Python Dataclasses vs Pydantic v2: Which to Use in 2026 (With Benchmarks)
Python developers in 2026 have two mature, well-supported options for structured data: the standard library's @dataclass decorator and Pydantic v2. Both model data with typed fields. Both reduce boilerplate. The difference is in what they do with that data at runtime — and understanding that difference is what will drive you to pick the right tool for each situation.
This article covers the full picture: how each tool works, where they perform, where they fail you, how to migrate from Pydantic v1 to v2, and a concrete decision guide so you can stop second-guessing yourself.
Python Dataclasses: Standard Library, Zero Dependencies
Introduced in Python 3.7 (PEP 557), dataclasses give you auto-generated __init__, __repr__, and __eq__ methods from a class with annotated fields. They ship with the standard library. No install required.
Basic Usage
from dataclasses import dataclass, field
from typing import List
@dataclass
class User:
name: str
age: int
tags: List[str] = field(default_factory=list)
The field() function is how you configure individual fields. Using default_factory=list is important — never use a mutable default directly (like tags: List[str] = []) because that would be shared across instances.
__post_init__ for Post-Construction Logic
If you need to run logic after the generated __init__ has set the fields, use __post_init__:
@dataclass
class Rectangle:
width: float
height: float
area: float = field(init=False)
def __post_init__(self):
if self.width <= 0 or self.height <= 0:
raise ValueError("Dimensions must be positive")
self.area = self.width * self.height
Note that __post_init__ is the only place dataclasses give you for validation. It is manual — you write it from scratch. There is no framework for required formats, regex, range checks, or type coercion.
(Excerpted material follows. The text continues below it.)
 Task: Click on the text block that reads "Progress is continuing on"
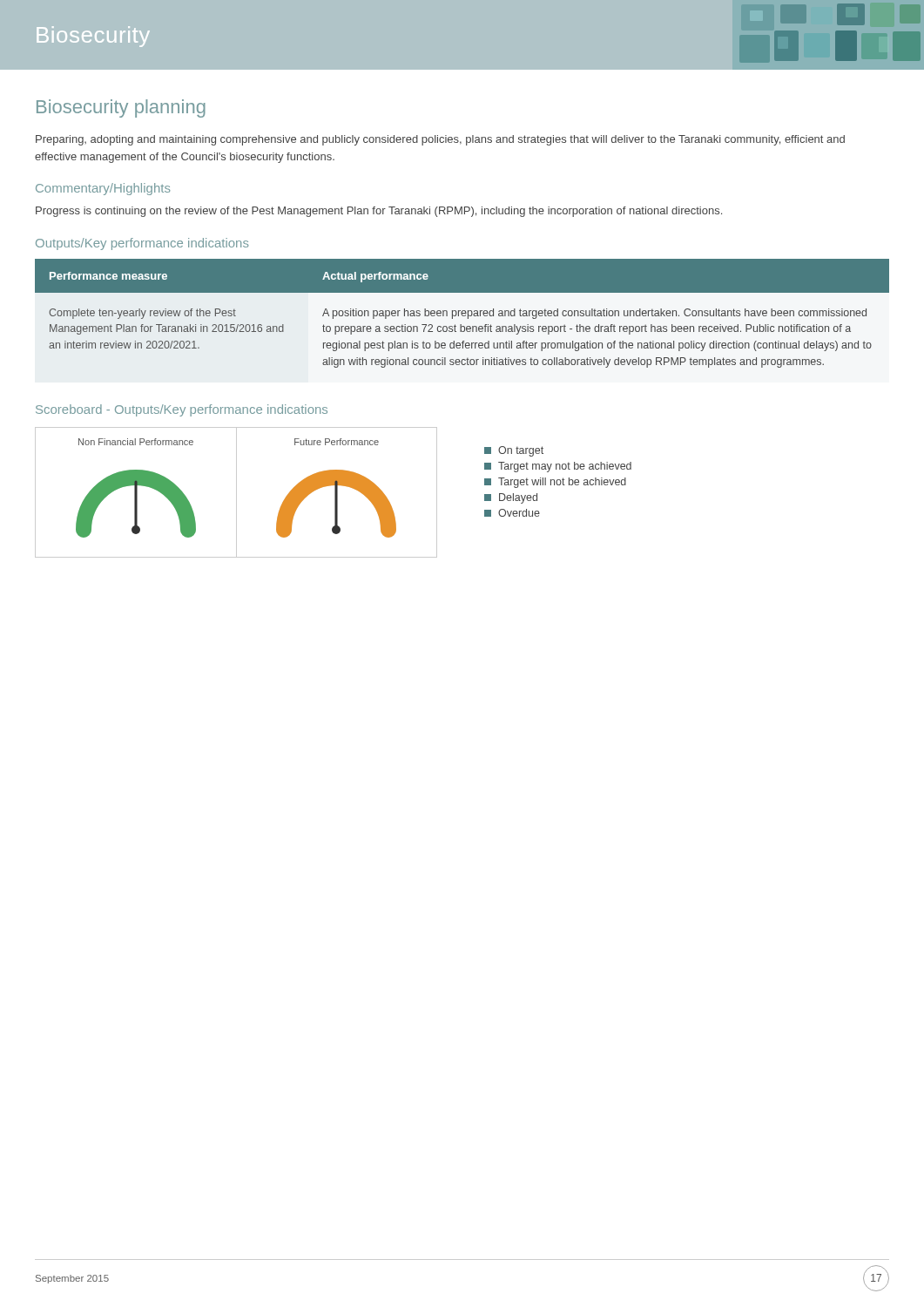(462, 211)

frozen=True for Immutable Dataclasses
Setting frozen=True makes instances immutable by generating __setattr__ and __delattr__ that raise FrozenInstanceError. It also makes the class hashable, which is useful for use in sets and as dict keys.
@dataclass(frozen=True)
class Point:
x: float
y: float
p = Point(1.0, 2.0)
p.x = 3.0 # raises FrozenInstanceError
slots=True for Memory Efficiency
Added in Python 3.10, slots=True generates __slots__ on the class, which eliminates the per-instance __dict__. This reduces memory consumption and speeds up attribute access:
@dataclass(slots=True)
class Sensor:
id: int
value: float
timestamp: float
For data-heavy applications processing millions of small objects, slots=True can meaningfully reduce memory usage.
Advanced Field Options: repr=False, init=False, ClassVar
from dataclasses import dataclass, field
from typing import ClassVar
import hashlib
@dataclass
class Document:
# ClassVar fields are not treated as dataclass fields at all
schema_version: ClassVar[str] = "1.0"
title: str
body: str
# excluded from __repr__ (useful for secrets or large fields)
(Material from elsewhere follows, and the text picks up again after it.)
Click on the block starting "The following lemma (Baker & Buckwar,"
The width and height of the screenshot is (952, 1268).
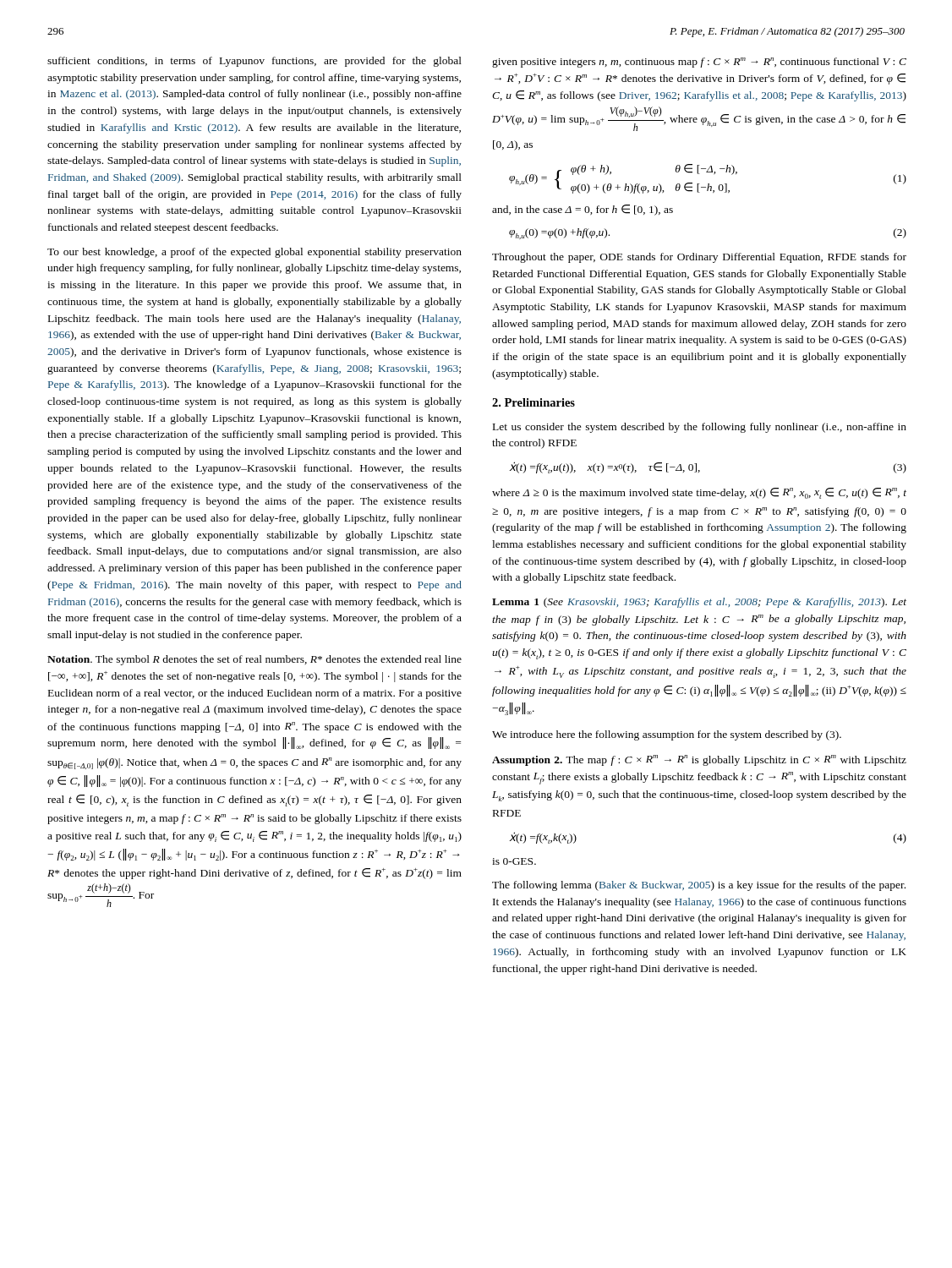coord(699,926)

_internal_hash: str = field(init=False, repr=False)
def __post_init__(self):
self._internal_hash = hashlib.md5(self.body.encode()).hexdigest()
Key options for field():
| Option | Default | Effect |
|---|---|---|
default | MISSING | Static default value |
default_factory | MISSING | Callable that returns the default |
init | True | Include in __init__ |
repr | True | Include in __repr__ |
compare | True | Include in __eq__ and ordering |
hash | None | Include in __hash__ (follows compare by default) |
metadata | None | Arbitrary read-only mapping for third-party tools |
What Dataclasses Do NOT Do
This is the critical point: dataclasses do not validate types at runtime. The type annotations are purely for static analysis tools (mypy, pyright) and documentation. You can pass a string where an int is expected and Python will not complain:
@dataclass
class Config:
port: int
debug: bool
c = Config(port="not-a-port", debug="yes")
print(c.port) # "not-a-port" — no error
print(c.debug) # "yes" — no error
If your data comes from an untrusted source — an HTTP request, a config file, environment variables — dataclasses alone are not enough.
Pydantic v2: Validation by Default, Rust Speed
Pydantic v2 was released in June 2023 and represented a complete rewrite. The core validation engine (pydantic-core) is now implemented in Rust via PyO3. The result is validation that is 5 to 50 times faster than Pydantic v1, with a largely compatible but cleaned-up Python API.
Basic Usage
from pydantic import BaseModel, Field
from typing import List
class User(BaseModel):
name: str
age: int
tags: List[str] = []
Every field is validated on construction. Passing the wrong type raises a ValidationError with structured, detailed error messages:
User(name="Alice", age="not-a-number", tags=[])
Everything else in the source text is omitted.